Помню, в томительной тоске я представлял себе, что мы с Дианой во власти жены Мак-Грегора и нас низвергнут сейчас с утеса в озеро; сигналом послужит выстрел из пушки, которую должен запалить сэр Фредерик Вернон, управляющий церемонией в одежде кардинала. Необычайно жизненно было впечатление, полученное мною от этой воображаемой сцены. Я и сейчас мог бы изобразить безмолвную и храбрую покорность, запечатленную в чертах Дианы, дикие, искаженные лица палачей, которые окружили нас, кривляясь и дразня, причем гримасы непрестанно менялись и каждая новая казалась мерзостней предыдущей. Я видел горевшее суровым, непреклонным фанатизмом лицо отца Дианы, видел, как его рука поднимает роковой пальник… Раздался сигнальный выстрел; опять, и опять, и опять повторяет его раскатами грома эхо окрестных скал; я просыпаюсь — и от мнимых ужасов возвращаюсь к тревогам действительности.

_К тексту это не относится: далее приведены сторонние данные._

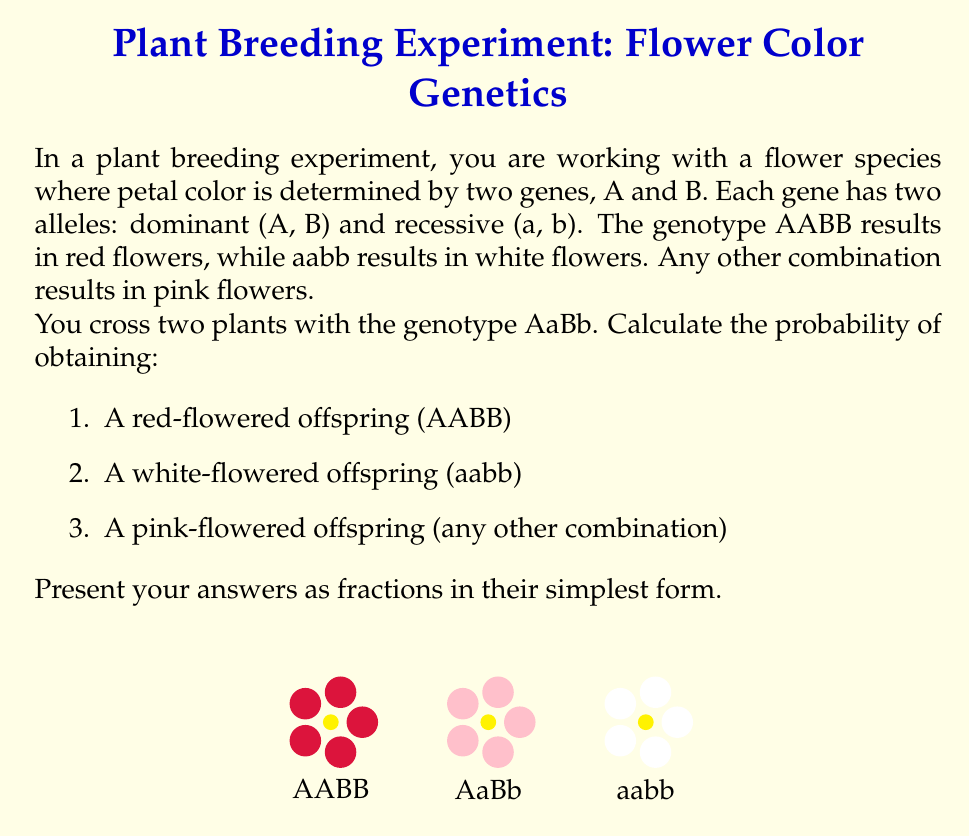Help me with this question. Let's approach this step-by-step:

1) First, we need to determine the possible gametes from each parent. With genotype AaBb, each parent can produce four types of gametes: AB, Ab, aB, and ab.

2) We can use a Punnett square to visualize all possible combinations:

   $$\begin{array}{c|c|c|c|c}
     & AB & Ab & aB & ab \\
   \hline
   AB & AABB & AABb & AaBB & AaBb \\
   \hline
   Ab & AABb & AAbb & AaBb & Aabb \\
   \hline
   aB & AaBB & AaBb & aaBB & aaBb \\
   \hline
   ab & AaBb & Aabb & aaBb & aabb
   \end{array}$$

3) Now, let's count the occurrences of each phenotype:

   Red (AABB): 1 out of 16
   White (aabb): 1 out of 16
   Pink (all others): 14 out of 16

4) To calculate the probabilities:

   Red: $P(AABB) = \frac{1}{16}$
   White: $P(aabb) = \frac{1}{16}$
   Pink: $P(\text{pink}) = \frac{14}{16} = \frac{7}{8}$

These fractions are already in their simplest form.
Answer: 1) $\frac{1}{16}$
2) $\frac{1}{16}$
3) $\frac{7}{8}$ 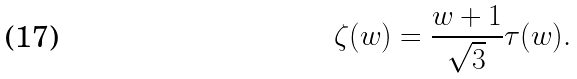Convert formula to latex. <formula><loc_0><loc_0><loc_500><loc_500>\zeta ( w ) = \frac { w + 1 } { \sqrt { 3 } } \tau ( w ) .</formula> 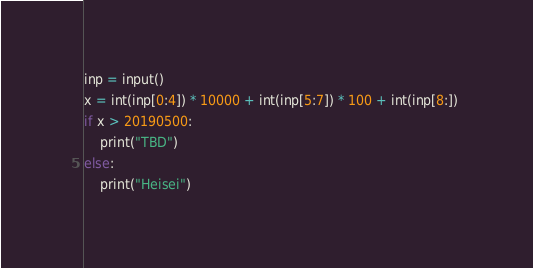Convert code to text. <code><loc_0><loc_0><loc_500><loc_500><_Python_>inp = input()
x = int(inp[0:4]) * 10000 + int(inp[5:7]) * 100 + int(inp[8:]) 
if x > 20190500:
    print("TBD")
else:
    print("Heisei")</code> 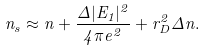Convert formula to latex. <formula><loc_0><loc_0><loc_500><loc_500>n _ { s } \approx n + \frac { \Delta | E _ { 1 } | ^ { 2 } } { 4 \pi e ^ { 2 } } + r _ { D } ^ { 2 } \Delta n .</formula>

Звуки во сне были не мнимые — когда я проснулся, они еще наполняли гулом мои уши; но только через две или три минуты я окончательно пришел в себя и ясно понял, что это настойчивый стук в ворота. В сильной тревоге я вскочил с постели, схватил лежавшую под рукою шпагу и кинулся вниз, решив никого не впускать. Но мне волей-неволей пришлось кружить, потому что библиотека выходила не во двор, а в сад.